Point B is at (-1.5, 6.3). Point B is reflected across the x-axis to become point C.
The coordinates of point C are _______.
Point C is located in quadrant _______.
The coordinates of point C are (-1.5, -6.3).
Point C is located in quadrant IV.
Point C was located in Quadrant |||
If point C is located in Quadrant |||, then it must have positive x, y, and z coordinates.
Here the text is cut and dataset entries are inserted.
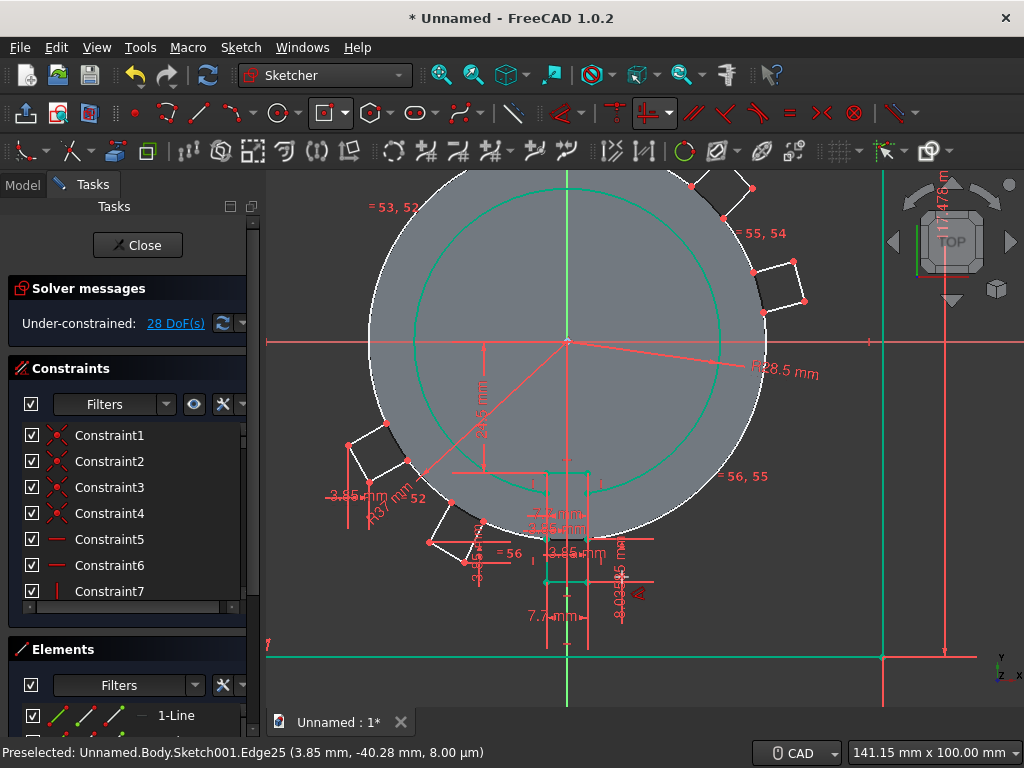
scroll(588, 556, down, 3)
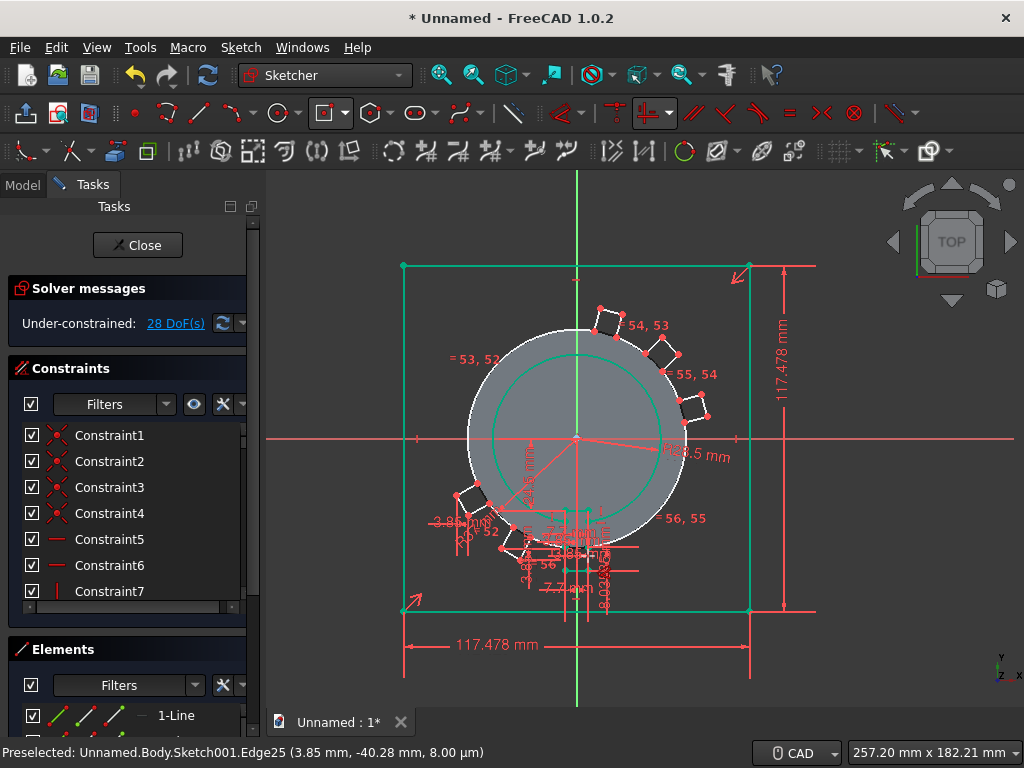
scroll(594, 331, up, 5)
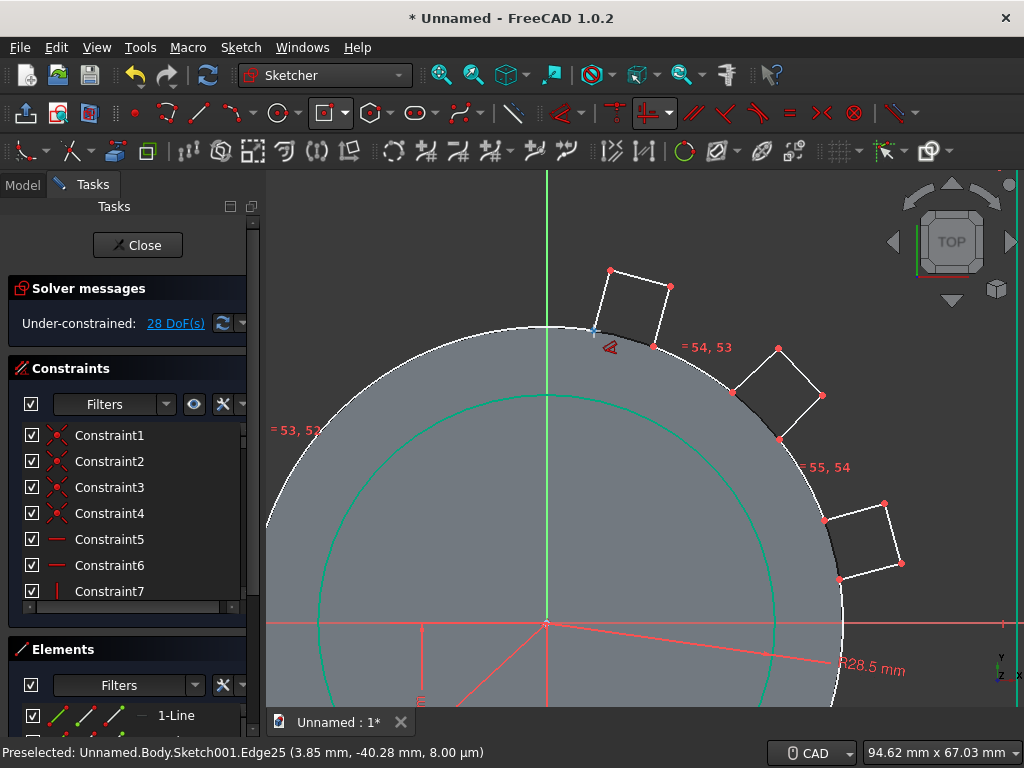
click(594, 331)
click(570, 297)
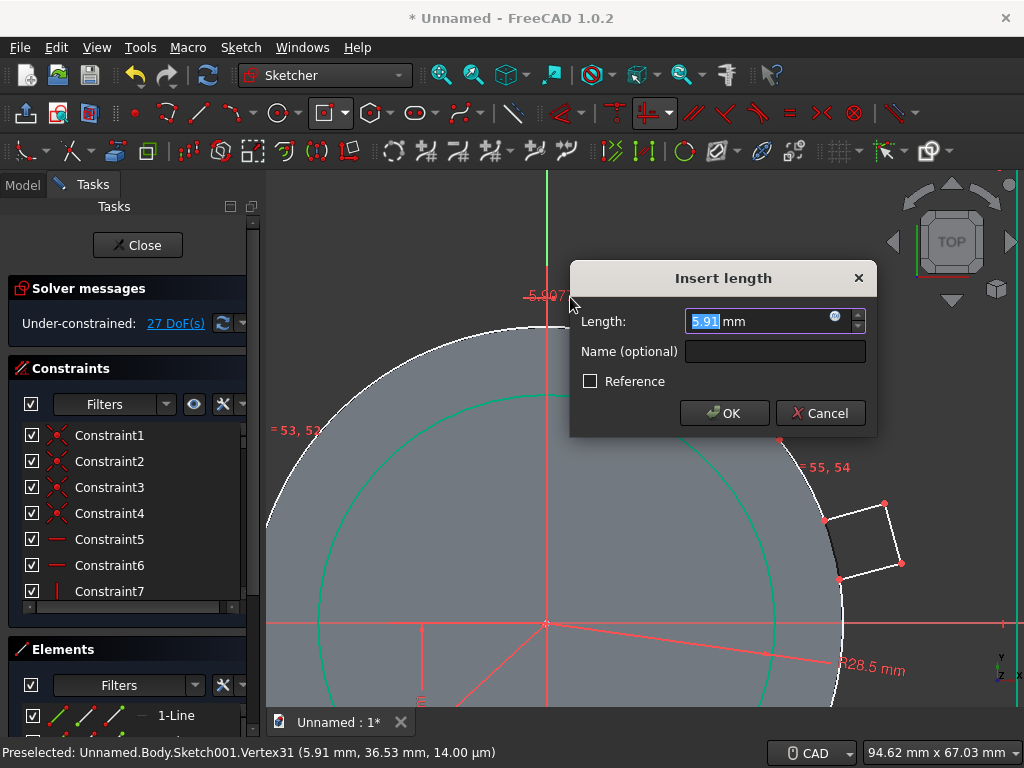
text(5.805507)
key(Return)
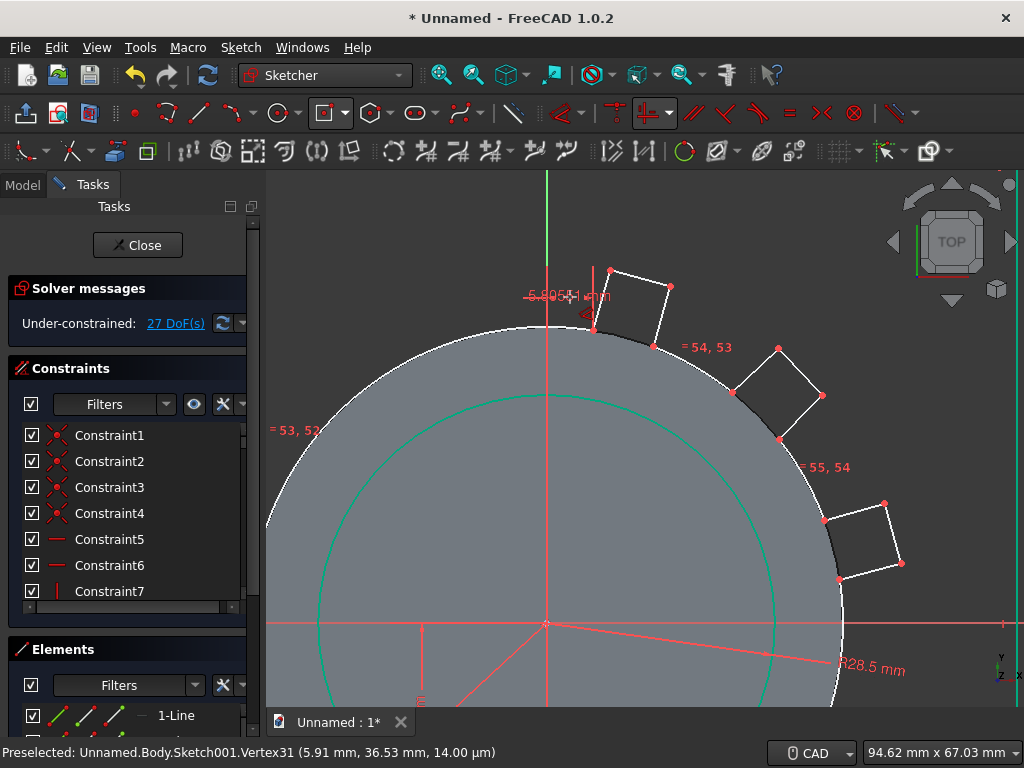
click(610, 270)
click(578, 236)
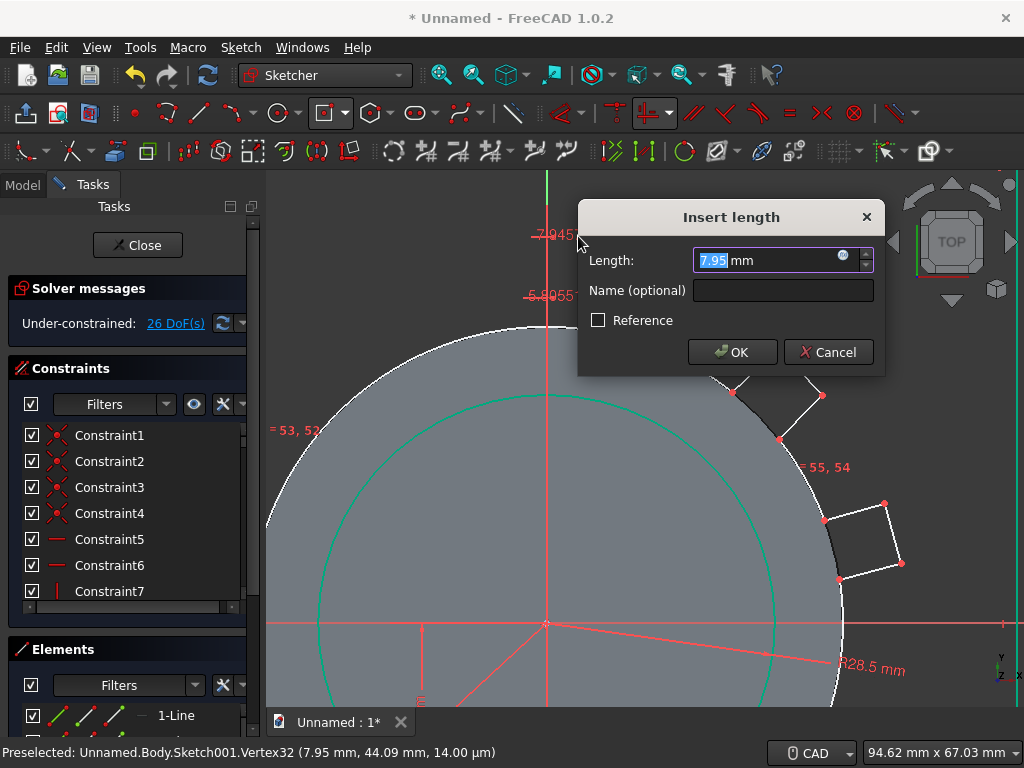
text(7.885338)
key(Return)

However, we can only determine the x and y coordinates based on the given information.
Since point B is reflected across the x-axis, its y-coordinate changes sign and becomes negative. Therefore, if point C is in Quadrant |||, then it must have a positive x-coordinate and a negative y-coordinate.
However, we cannot determine the z-coordinate of point C based on the given information.
Drag each number to the correct location in the ordered pairs. Each number can be used more than once, but not all numbers will be used.
Point A is located at (7, 4).
Point A is reflected across the x-axis to give point B.
Point B is reflected across the y-axis to give point C.
Drag numbers to show the correct coordinate pairs for point B and point C.
3
7
-3
-7
4
0
-4
POINT B: ( , )
POINT C: ( , )
POINT B: (7, -4)
POINT C: (-7, -4)
To reflect a point across the x-axis, you just need to change the sign of its y-coordinate while keeping the x-coordinate the same.
Given that point B has coordinates (-1.5, 6.3), we need to change the sign of the y-coordinate to find the coordinates of point C.
To reflect the y-coordinate across the x-axis, we simply multiply it by -1.
So, the y-coordinate of point C becomes -6.3 (the negative of 6.3), while the x-coordinate remains the same (-1.5).
Therefore, the coordinates of point C are (-1.5, -6.3).
To determine the quadrant in which point C is located, consider the signs of its coordinates:
- The x-coordinate is negative (-1.5), which means it lies to the left of the y-axis.
- The y-coordinate is negative (-6.3), which means it lies below the x-axis.
Based on these signs, point C is located in the third quadrant.